[coffee cup]

Dark Currents, page 5


In a recent essay by poet Donald Hall, I was struck by the sentence, "Reading will not distract us from dread." Hall is well-acquainted with dread, because he has colon cancer. I found myself hoping, when I read those words, that he tell the reader of how certain darker books did not distract him from dread, but rather helped him to face it, to conceptualize it more clearly. My hope was in vain: he goes on to write that he worries, after each surgery,
What will they find? What will the laboratory's dyes and microscopes discover, peering at cell structure? Not even Philip Roth distracts from such concerns; not even spy sagas or horror books. For that matter, I cannot read junk for diversion. Finer sensibilities than my own have relaxed with Agatha Christie or Zane Grey -- but under conditions of pain and distress, slack language causes me pain and distress.

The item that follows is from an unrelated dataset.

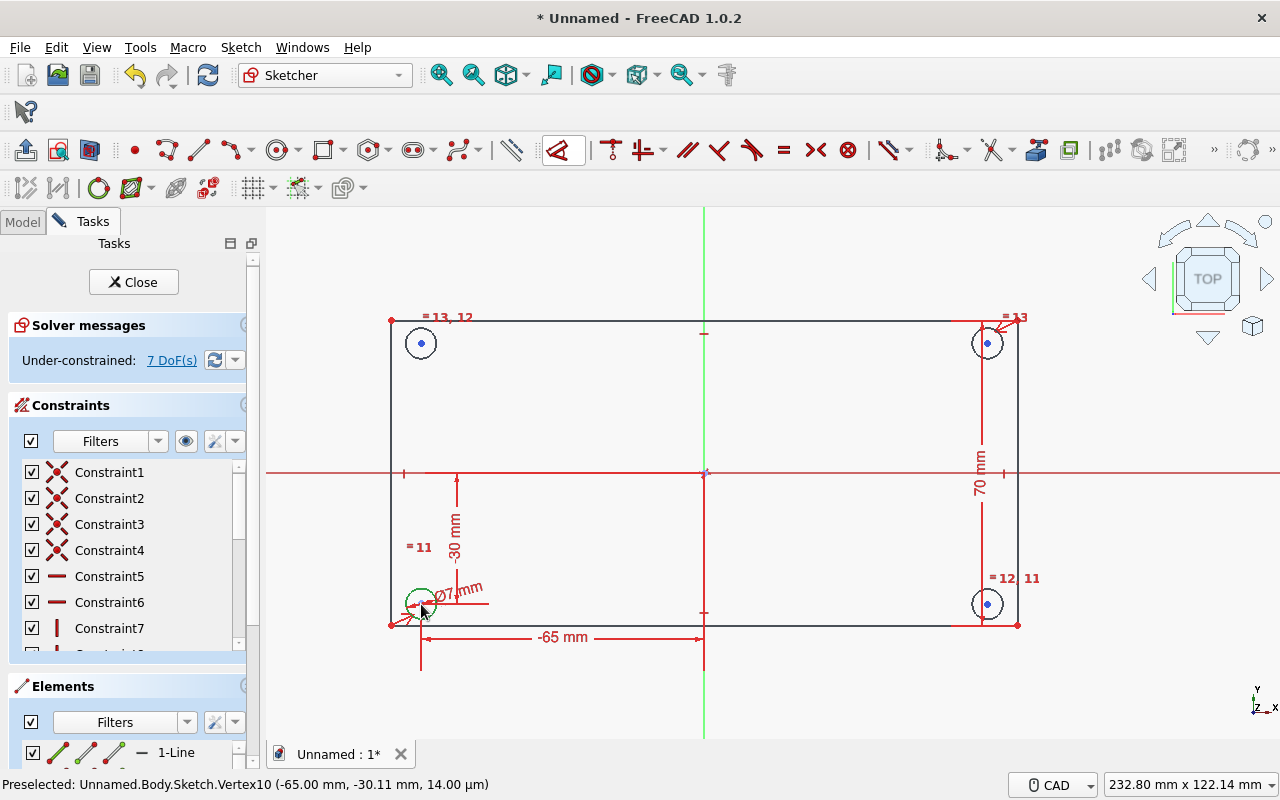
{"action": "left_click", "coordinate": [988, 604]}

Can we move past the first-level response to that annoying assumption about "slack language"? Can we look at what people are saying is the purpose of horror fiction? Donald Hall says he's looking for distraction, for diversion, for relaxation. That's well and good. Horror is, of course, entertaining. But I wonder what's being left out. To return to the analogy of the coffee cups, maybe those who expect only "diversion" from horror, are expecting the coffee to be always soothing and mild. The dark liquid of horror, the horror in the cup, has more than one use. Surely one of its uses is to shock us into sharper awareness of the dread -- to help us confront and explore the dread, not shrink from it. It may be that the diversion part, the entertainment, is like the "hook" in a pop song: the author stirs some interesting flavors -- be they splatter or quiet-creepy -- into the brew to get us involved, to get us to go back for more and keep drinking from the dark. And it may be that the repetition of forms, even that supposed "slack language," in the horror genre, is no more heinous that the way that all coffee cups are variations on a common theme. The human hand holding the cup, the human nervous system vibrating in response to the tale -- these have not changed for countless millennia. Rather than asking the horror tale to be original, why don't we ask that it serve its purpose well?

My point is this: if we defend genre horror against accusations of being poorly written, by reference to the text in isolation, then we are selling it short. The horror genre is not Art, floating in a void. Horror is about something -- about our world, about us, most of all about our fears. And horror is a discourse, an interaction between the reader and the text.

A mainstream horror tale may well be a sculpture, standing lovely on its pedestal in the museum -- its aesthetic message what Borges calls "the imminence of a revelation that does not take place." But a genre horror tale is to have and to hold. A genre horror tale is the revelation made manifest. Physical. Taken into the body.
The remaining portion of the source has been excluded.